# Spot the Scam — Data Exploration

Quick EDA for raw job postings. Run from project root with the virtualenv activated.

In [None]:
import sys
from pathlib import Path
import pandas as pd
import seaborn as sns
import matplotlib.pyplot as plt

ROOT = Path.cwd()
SRC = ROOT / "src"
if str(SRC) not in sys.path:
    sys.path.insert(0, str(SRC))

In [None]:
from spot_scam.config.loader import load_config
from spot_scam.data.ingest import load_raw_dataset

config = load_config()
raw_df = load_raw_dataset(config)
raw_df.head()

## Missingness Overview

In [None]:
missing = raw_df.isna().mean().sort_values(ascending=False)
missing.head(10)

In [None]:
plt.figure(figsize=(8,4))
sns.histplot(raw_df['fraudulent'], discrete=True)
plt.title('Class distribution (raw)')

## Text Length Distribution

In [None]:
from spot_scam.data.preprocess import preprocess_dataframe

processed_df, _ = preprocess_dataframe(raw_df, config)
processed_df['text_len'] = processed_df['text_all'].str.len()

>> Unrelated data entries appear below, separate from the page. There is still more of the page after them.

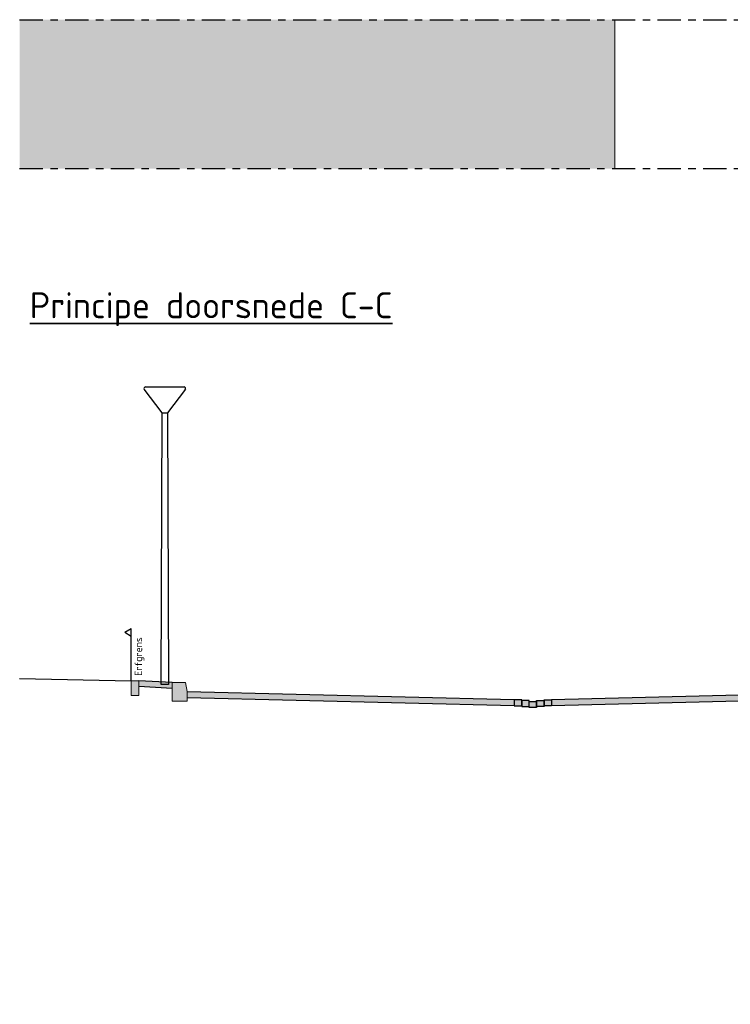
# Model space of a CAD drawing. Header units: metres. Extents: x 104013 to 108981, y 427946 to 428479.
# Tile 118 of 256: x 108725 to 108735, y 428277 to 428291. Entities that reach past the tile are written whole.
import ezdxf

# ---------------------------------------------------------------- set-up
doc = ezdxf.new("R2010")
doc.units = ezdxf.units.M
doc.linetypes.add('CENTER', pattern=[2, 1.25, -0.25, 0.25, -0.25])
doc.linetypes.add('XX-AFBREEK', pattern=[7, 4, -1, 1, -1])
for name, color, linetype, lineweight in [('N-WE-IE-MEUBILAIR_WEGMEUBILAIR_LICHTMAST-SD', 251, 'Continuous', 25), ('N-WE-OG-BEBOUWING_WONINGBOUW-GD', 7, 'Continuous', 18), ('N-WE-OG-TERREIN_ERF-SD', 7, 'Continuous', 25), ('N-WE-VH-VERHARDING-GD', 7, 'Continuous', 25), ('N-XX-VH-KANTOPSLUITING_OPSLUITBAND-SD', 150, 'Continuous', 0), ('N-XX-VH-KANTOPSLUITING_TROTTOIRBAND-SD', 210, 'Continuous', 0), ('X-XX-AL-AFBREEKLIJN-GD', 7, 'XX-AFBREEK', 25), ('X-XX-AL-T25', 7, 'Continuous', 25), ('X-XX-AL-T35', 7, 'Continuous', 35)]:
    doc.layers.add(name, color=color, linetype=linetype, lineweight=lineweight)
doc.layers.add('N-WE-VH-VERHARDING-AP_BEBOUWING', color=41, linetype='Continuous')
for name, color, linetype, true_color in [('N-WE-VH-VERHARDING-AP_PARKEERPLAATS', 7, 'Continuous', 0x889692), ('N-WE-VH-VERHARDING-AP_RIJBAAN-ELEMENT', 7, 'Continuous', 0x7f4f3f), ('N-WE-VH-VERHARDING-AP_VOETPAD', 7, 'Continuous', 0xdbdbdb)]:
    doc.layers.add(name, color=color, linetype=linetype, true_color=true_color)
doc.styles.add('NLCS-ISO-M50-T25', font='NLCS-ISO.ttf', dxfattribs={"height": 0.125})
doc.styles.add('NLCS-ISO-M50-T35', font='NLCS-ISO.ttf', dxfattribs={"height": 0.175})
pattern_1 = [(0, (0, 0), (0, 6.985), [5.08, -1.905]), (90, (0, 0), (-6.985, 4e-16), [5.08, -1.905])]

# ---------------------------------------------------------------- blocks, each defined once
blk = doc.blocks.new('N-SVH-KANTOPSLUITING_TB_180 200X250-D')
blk.add_hatch(color=8).paths.add_polyline_path([(-0.2, -0.12), (-0.2, -0.25), (0, -0.25), (0, 0), (-0.18, 0)])
at = {"flags": 128}
blk.add_lwpolyline([(-0.2, -0.12), (-0.2, -0.25), (0, -0.25), (0, 0), (-0.18, 0)], close=True, dxfattribs=at)
blk = doc.blocks.new('lichtmast2')
for points in [[(-0.26, 4), (0.036, 4)], [(0, 4), (0.26, 4)], [(-0.037, 3.65), (-0.276, 3.968)], [(0.276, 3.968), (0.037, 3.65)], [(0.037, 3.65), (0.05, 0), (-0.05, 0), (-0.037, 3.65)], [(-0.037, 3.65), (0.037, 3.65)]]:
    blk.add_lwpolyline(points)
for centre, start, end in [((-0.26, 3.98), 90, 216.9307), ((0.26, 3.98), 323.0892, 90)]:
    blk.add_arc(centre, 0.02, start, end)
blk = doc.blocks.new('SOG-ERFGRENS_RECHTS-D')
for p, q in [((0.433, 3.25), (0, 3.5)), ((0, 3), (0, 3.5)), ((0.433, 3.25), (0, 3)), ((0, 0), (0, 3))]:
    blk.add_line(p, q)
blk = doc.blocks.new('N-SVH-KANTOPSLUITING_OB_100X200-D')
blk.add_hatch(color=253).paths.add_polyline_path([(-0.1, -0.2), (0, -0.2), (0, 0), (-0.1, 0)])
at = {"flags": 128}
blk.add_lwpolyline([(-0.1, -0.2), (0, -0.2), (0, 0), (-0.1, 0)], close=True, dxfattribs=at)

msp = doc.modelspace()

# ---------------------------------------------------------------- hatches: boundary and pattern name
at = {"layer": 'N-WE-VH-VERHARDING-AP_BEBOUWING'}
h = msp.add_hatch(color=256, dxfattribs=at)
h.dxf.hatch_style = 1
h.set_gradient(color1=(255, 255, 255), color2=(207, 207, 207))
h.paths.add_polyline_path([(108725.231, 428290.653), (108725.231, 428288.653), (108733.231, 428288.653), (108733.231, 428290.653)])
at = {"layer": 'N-WE-VH-VERHARDING-AP_PARKEERPLAATS'}
h = msp.add_hatch(color=256, dxfattribs=at)
h.dxf.hatch_style = 1
h.paths.add_polyline_path([(108731.88, 428281.513), (108731.98, 428281.513), (108731.98, 428281.433), (108731.88, 428281.433)])
h.paths.add_polyline_path([(108731.98, 428281.503), (108732.08, 428281.503), (108732.08, 428281.423), (108731.98, 428281.423)])
h.paths.add_polyline_path([(108732.08, 428281.493), (108732.18, 428281.493), (108732.18, 428281.413), (108732.08, 428281.413)])
h.paths.add_polyline_path([(108731.88, 428281.513), (108731.88, 428281.433), (108731.564, 428281.441), (108727.481, 428281.542), (108727.481, 428281.622)])
at = {"layer": 'N-WE-VH-VERHARDING-AP_RIJBAAN-ELEMENT', "linetype": 'ByBlock'}
h = msp.add_hatch(color=256, dxfattribs=at)
h.paths.add_polyline_path([(108732.18, 428281.503), (108732.28, 428281.503), (108732.28, 428281.433), (108732.28, 428281.423), (108732.18, 428281.423)])
h.paths.add_polyline_path([(108732.28, 428281.513), (108732.38, 428281.513), (108732.38, 428281.433), (108732.28, 428281.433)])
h.paths.add_polyline_path([(108732.38, 428281.513), (108735.18, 428281.582), (108735.18, 428281.502), (108732.381, 428281.433), (108732.38, 428281.433)])
at = {"layer": 'N-WE-VH-VERHARDING-AP_VOETPAD'}
h = msp.add_hatch(color=256, dxfattribs=at)
h.dxf.hatch_style = 1
h.paths.add_polyline_path([(108726.831, 428281.771), (108727.28, 428281.747), (108727.28, 428281.667), (108726.831, 428281.691)])
h = msp.add_hatch(dxfattribs=at)
h.set_pattern_fill('ANGLE', color=256)
h.set_pattern_definition(pattern_1)
h.paths.add_polyline_path([(108731.681, 428277.873), (108731.581, 428277.873), (108731.581, 428277.573), (108731.681, 428277.573)])
h.paths.add_polyline_path([(108731.681, 428277.573), (108731.581, 428277.573), (108731.581, 428277.423), (108731.681, 428277.423)])
h.paths.add_polyline_path([(108731.781, 428277.573), (108731.781, 428277.723), (108731.681, 428277.723), (108731.681, 428277.573), (108731.681, 428277.423), (108731.781, 428277.423)])
h.paths.add_polyline_path([(108731.781, 428278.023), (108731.681, 428278.023), (108731.681, 428277.873), (108731.681, 428277.723), (108731.781, 428277.723)])
h.paths.add_polyline_path([(108731.781, 428278.273), (108731.681, 428278.273), (108731.681, 428278.173), (108731.681, 428278.023), (108731.781, 428278.023)])
h = msp.add_hatch(dxfattribs=at)
h.set_pattern_fill('ANGLE', color=256)
h.set_pattern_definition(pattern_1)
h.paths.add_polyline_path([(108731.681, 428278.273), (108731.581, 428278.273), (108731.581, 428278.173), (108731.681, 428278.173)])
h.paths.add_polyline_path([(108731.681, 428278.173), (108731.581, 428278.173), (108731.581, 428277.873), (108731.681, 428277.873)])
h.paths.add_polyline_path([(108731.881, 428278.173), (108731.881, 428278.273), (108731.781, 428278.273), (108731.781, 428278.173)])
h.paths.add_polyline_path([(108731.881, 428278.173), (108731.781, 428278.173), (108731.781, 428278.023), (108731.781, 428277.873), (108731.881, 428277.873)])
h.paths.add_polyline_path([(108731.881, 428277.873), (108731.781, 428277.873), (108731.781, 428277.723), (108731.781, 428277.573), (108731.881, 428277.573)])
h.paths.add_polyline_path([(108731.881, 428277.573), (108731.781, 428277.573), (108731.781, 428277.423), (108731.881, 428277.423)])

# ---------------------------------------------------------------- linework, layer by layer
at = {"flags": 128}
msp.add_lwpolyline([(108725.231, 428281.801), (108726.731, 428281.771)], dxfattribs=at)
at = {"layer": 'N-WE-OG-BEBOUWING_WONINGBOUW-GD'}
msp.add_lwpolyline([(108733.231, 428288.653), (108733.231, 428290.653)], dxfattribs=at)
at = {"layer": 'N-WE-VH-VERHARDING-GD'}
for p, q in [((108735.18, 428281.582), (108732.38, 428281.513)), ((108735.18, 428281.502), (108732.38, 428281.433))]:
    msp.add_line(p, q, dxfattribs=at)
at = {"layer": 'N-WE-VH-VERHARDING-GD', "flags": 128}
for points in [[(108727.28, 428281.747), (108726.831, 428281.771)], [(108727.28, 428281.667), (108726.831, 428281.691)], [(108731.88, 428281.513), (108727.481, 428281.622)], [(108731.878, 428281.433), (108727.481, 428281.542)]]:
    msp.add_lwpolyline(points, dxfattribs=at)
for points in [[(108731.98, 428281.513), (108731.88, 428281.513), (108731.88, 428281.433), (108731.98, 428281.433)], [(108732.08, 428281.503), (108731.98, 428281.503), (108731.98, 428281.423), (108732.08, 428281.423)], [(108732.18, 428281.503), (108732.28, 428281.503), (108732.28, 428281.423), (108732.18, 428281.423)], [(108732.28, 428281.513), (108732.38, 428281.513), (108732.38, 428281.433), (108732.28, 428281.433)], [(108732.08, 428281.493), (108732.18, 428281.493), (108732.18, 428281.413), (108732.08, 428281.413)]]:
    msp.add_lwpolyline(points, close=True, dxfattribs=at)
at = {"layer": 'X-XX-AL-AFBREEKLIJN-GD', "linetype": 'CENTER', "ltscale": 0.25}
for points in [[(108725.231, 428290.653), (108757.732, 428290.653)], [(108725.231, 428288.653), (108757.732, 428288.653)]]:
    msp.add_lwpolyline(points, dxfattribs=at)

# ---------------------------------------------------------------- block references
at = {"layer": 'N-WE-IE-MEUBILAIR_WEGMEUBILAIR_LICHTMAST-SD'}
msp.add_blockref('lichtmast2', (108727.182, 428281.719), dxfattribs=at)
at = {"layer": 'N-WE-OG-TERREIN_ERF-SD', "xscale": -0.2, "yscale": 0.2}
msp.add_blockref('SOG-ERFGRENS_RECHTS-D', (108726.731, 428281.771), dxfattribs=at)
at = {"layer": 'N-XX-VH-KANTOPSLUITING_OPSLUITBAND-SD'}
msp.add_blockref('N-SVH-KANTOPSLUITING_OB_100X200-D', (108726.831, 428281.771), dxfattribs=at)
at = {"layer": 'N-XX-VH-KANTOPSLUITING_TROTTOIRBAND-SD', "xscale": -1}
msp.add_blockref('N-SVH-KANTOPSLUITING_TB_180 200X250-D', (108727.281, 428281.747), dxfattribs=at)

# ---------------------------------------------------------------- texts
at = {"layer": 'X-XX-AL-T25', "insert": (108726.778, 428281.838), "char_height": 0.1, "width": 0.66064, "attachment_point": 1, "rotation": 89.9946, "style": 'NLCS-ISO-M50-T25'}
msp.add_mtext('Erfgrens', dxfattribs=at)
at = {"layer": 'X-XX-AL-T35', "insert": (108725.367, 428286.991), "char_height": 0.35, "width": 11.82929, "attachment_point": 1, "rotation": 359.9946, "style": 'NLCS-ISO-M50-T35'}
msp.add_mtext('{\\LPrincipe doorsnede C-C}', dxfattribs=at)

doc.saveas('drawing.dxf')

plt.figure(figsize=(10,4))
sns.histplot(processed_df, x='text_len', hue=config['data']['target_column'], bins=60, kde=False)
plt.title('Combined text length distribution')
plt.xlim(0, 5000)

## Top Terms (TF-IDF) — Preview

Reuse the vectorizer to show frequent n-grams in fraudulent postings.

In [None]:
from spot_scam.features.text import build_tfidf_vectorizer

vectorizer, _ = build_tfidf_vectorizer(config)
fraud_text = processed_df.query(f"{config['data']['target_column']} == 1")['text_all']
tfidf = vectorizer.fit_transform(fraud_text)
terms = vectorizer.get_feature_names_out()
freq = tfidf.sum(axis=0).A1
top_idx = freq.argsort()[::-1][:20]
pd.DataFrame({'term': terms[top_idx], 'tfidf_sum': freq[top_idx]})

## Duplicate Detection

Check sample of dropped duplicates (if any) to validate the checksum logic.

In [None]:
from spot_scam.data.split import create_splits

splits = create_splits(processed_df, config, persist=False)
len(processed_df), len(splits.train) + len(splits.val) + len(splits.test)

## Next Steps
- Dive deeper into industry/function slices.
- Use `experiments/tables/token_frequency_analysis.csv` for final insights.
- Hand off to modeling notebook once satisfied with the data quality.